Your equation is not polynomial. The numerical solution will probably not converge.
Regardless of that your function f returns wrong formula: return a4 * x * exp(-abs(x)) * cos(x) + a0; (you forgot about complex modulo, i.e. abs)

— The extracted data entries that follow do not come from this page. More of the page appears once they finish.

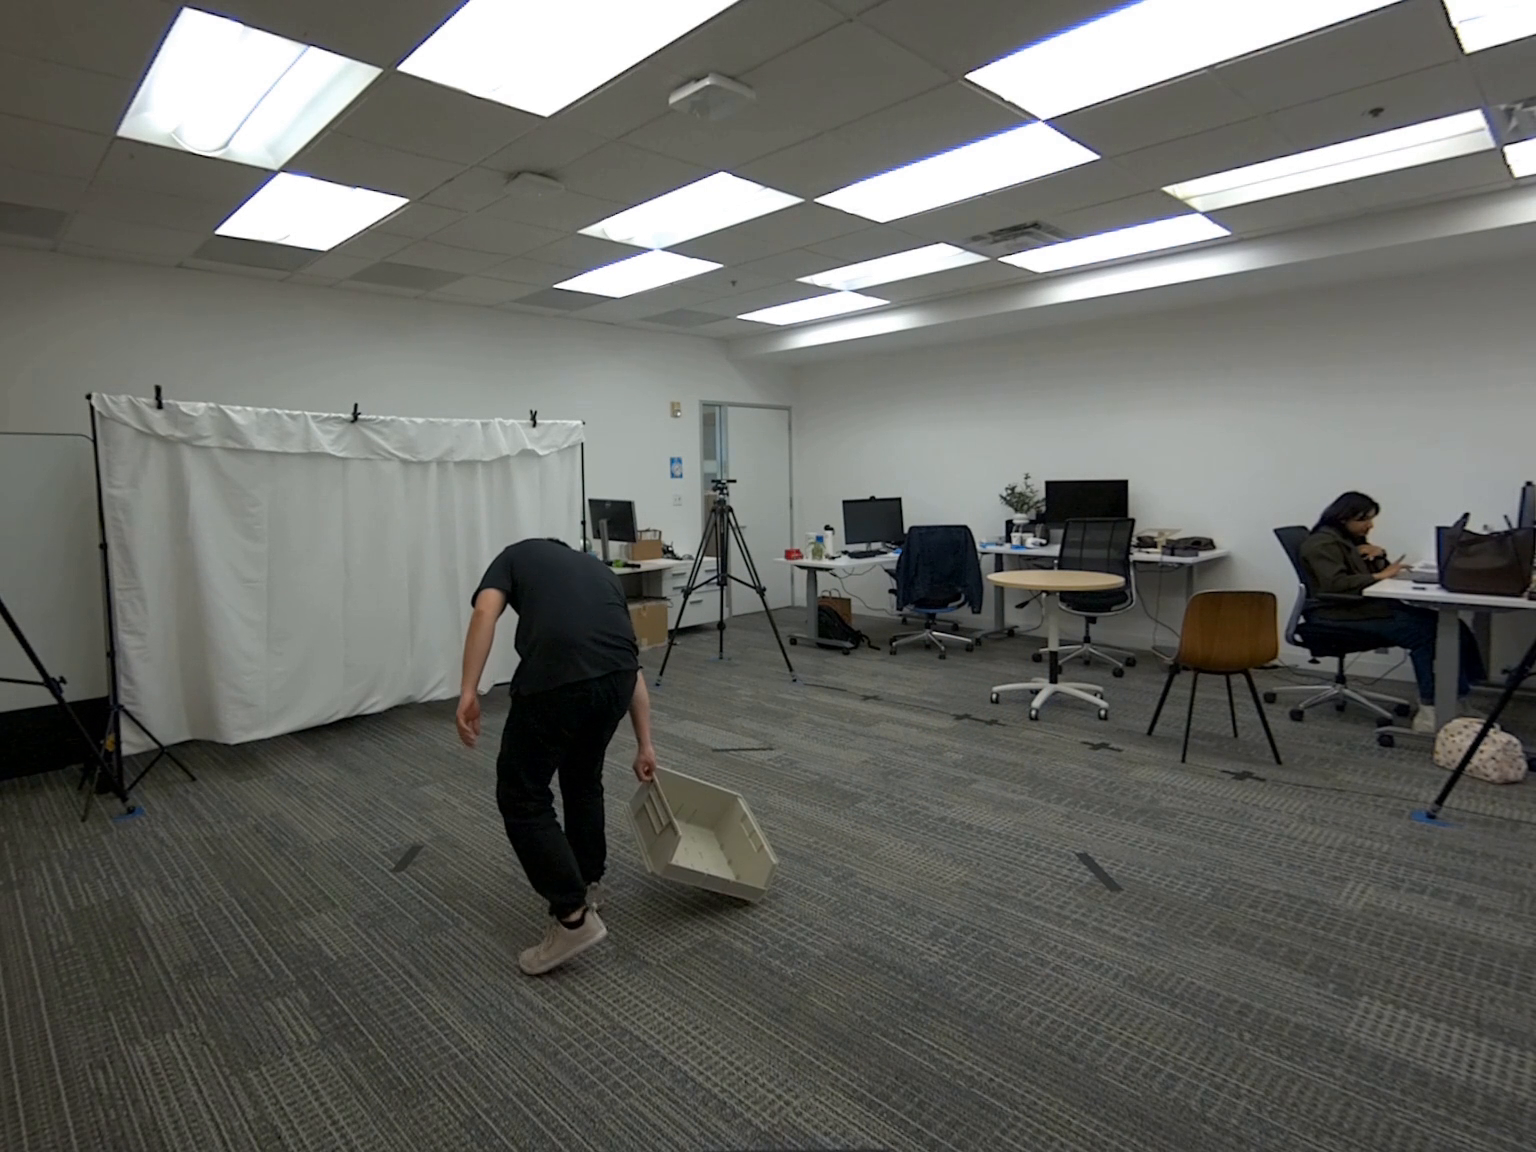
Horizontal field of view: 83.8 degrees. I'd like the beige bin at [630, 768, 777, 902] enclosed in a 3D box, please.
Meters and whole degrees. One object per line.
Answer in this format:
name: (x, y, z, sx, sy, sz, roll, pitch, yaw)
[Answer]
beige bin: (-0.220, 0.869, 2.855, 0.407, 0.188, 0.391, 27, 9, -35)

and your iterations seem also wrong. They should read:
p = p0 - f(p0)/((p0-q0)*(p0-r0)*(p0-s0));
q = q0 - f(q0)/((q0-p)*(q0-r0)*(q0-s0));
r = r0 - f(r0)/((r0-p)*(r0-q)*(r0-s0));
s = s0 - f(s0)/((s0-p)*(s0-q)*(s0-r));
but even if you make these changes, the solution will not converge - it will be oscilating. The reason is probably as written above - the method is not suitable for this type of equation.